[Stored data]
|---|
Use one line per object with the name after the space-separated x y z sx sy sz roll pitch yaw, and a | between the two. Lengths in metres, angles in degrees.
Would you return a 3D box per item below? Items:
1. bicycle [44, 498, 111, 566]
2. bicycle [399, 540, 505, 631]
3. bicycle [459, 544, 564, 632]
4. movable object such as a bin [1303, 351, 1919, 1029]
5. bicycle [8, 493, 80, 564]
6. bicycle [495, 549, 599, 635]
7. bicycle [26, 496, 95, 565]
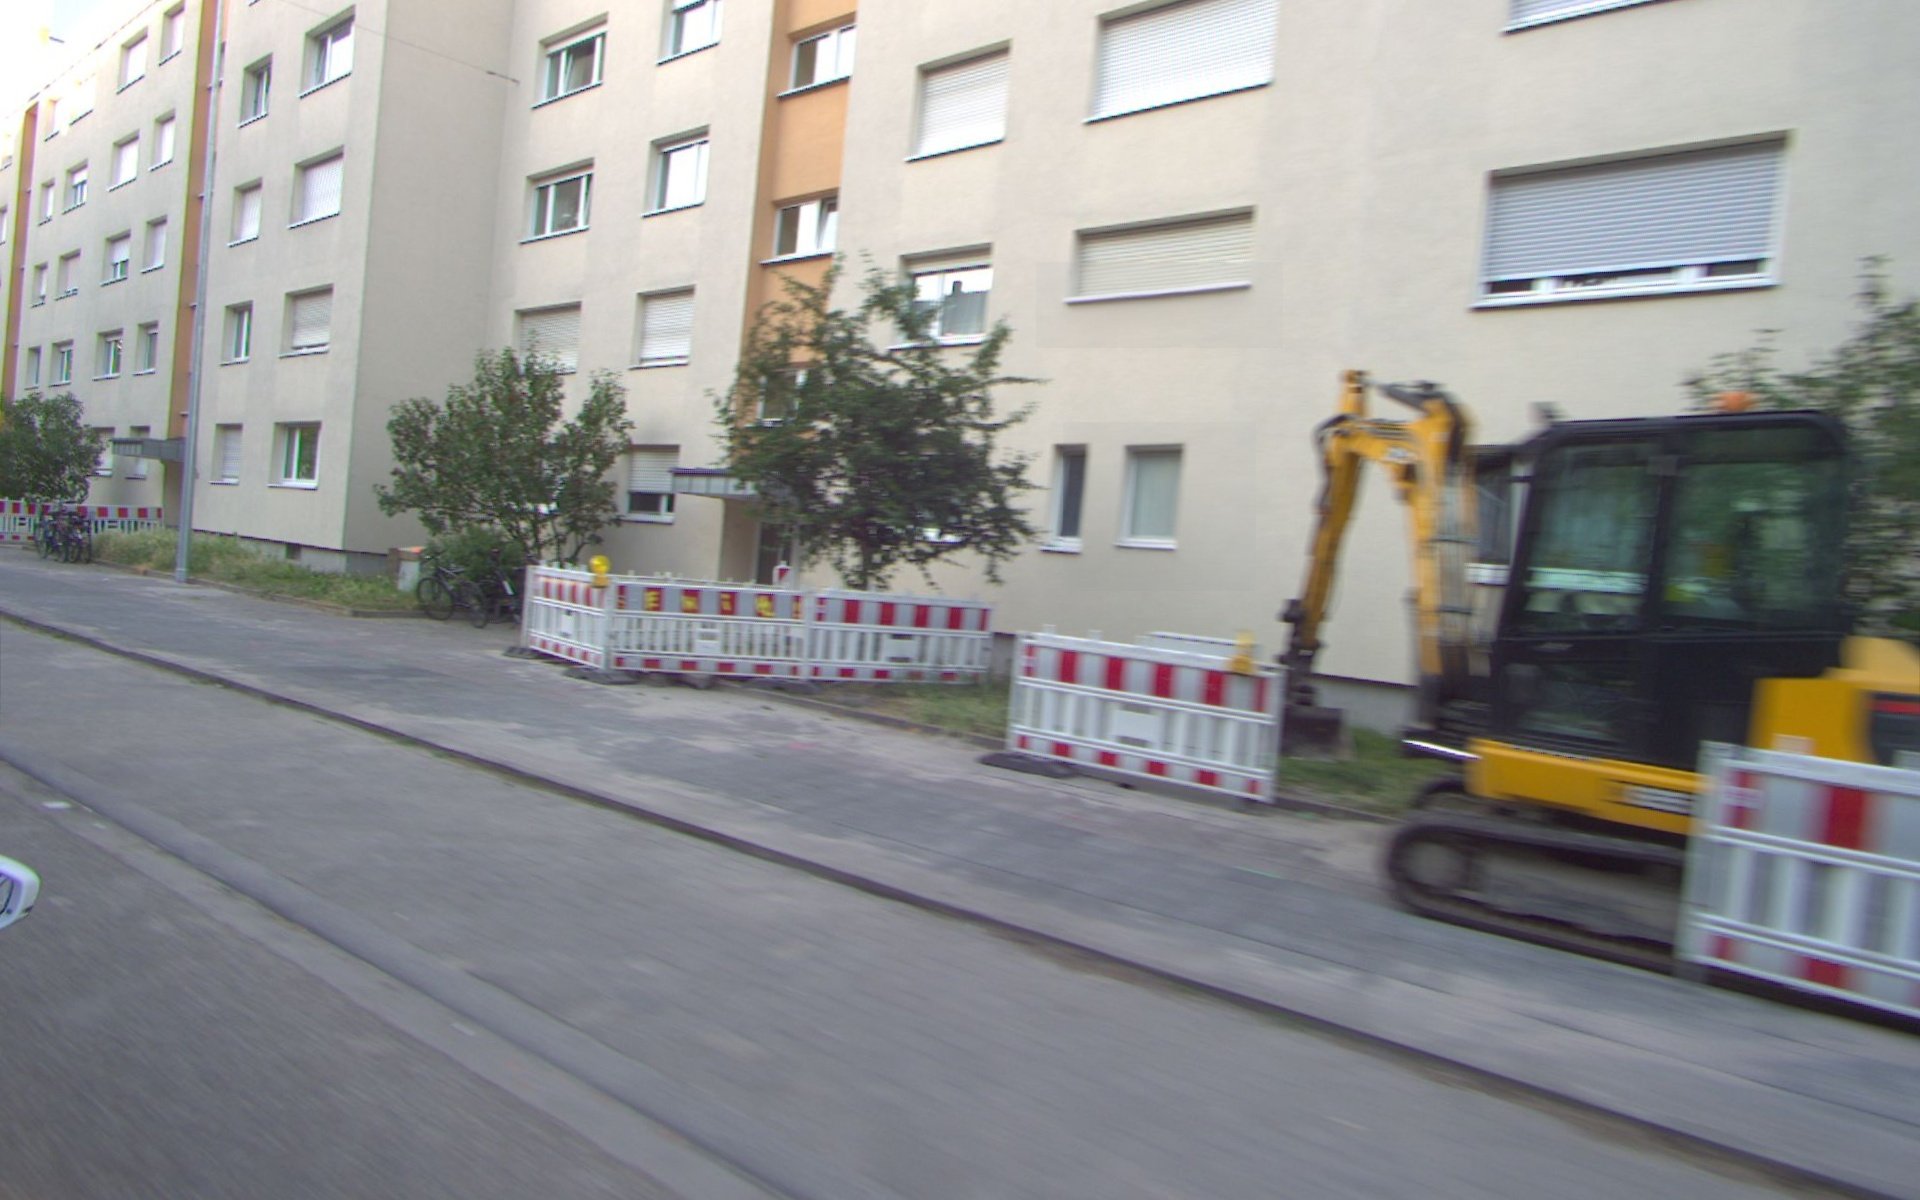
-17.919 -1.386 20.406 1.795 1.237 0.398 7 1 30 | bicycle
-7.674 -0.236 15.161 1.788 1.187 0.556 7 1 35 | bicycle
-6.961 -0.197 15.573 1.788 1.187 0.556 7 1 35 | bicycle
3.715 0.330 5.399 2.847 2.727 1.932 7 1 36 | movable object such as a bin
-18.172 -1.425 19.945 1.879 1.237 0.452 7 1 30 | bicycle
-6.610 -0.135 16.059 1.788 1.187 0.556 7 1 35 | bicycle
-18.105 -1.411 20.227 1.879 1.237 0.398 7 1 30 | bicycle
|---|
Exercise goal:
Taking the entries from their first line through the line with "3. bicycle [459, 544, 564, 632]", inclusive, restate each line word for word and give nothing else.

Response below:
Use one line per object with the name after the space-separated x y z sx sy sz roll pitch yaw, and a | between the two. Lengths in metres, angles in degrees.
Would you return a 3D box per item below? Items:
1. bicycle [44, 498, 111, 566]
2. bicycle [399, 540, 505, 631]
3. bicycle [459, 544, 564, 632]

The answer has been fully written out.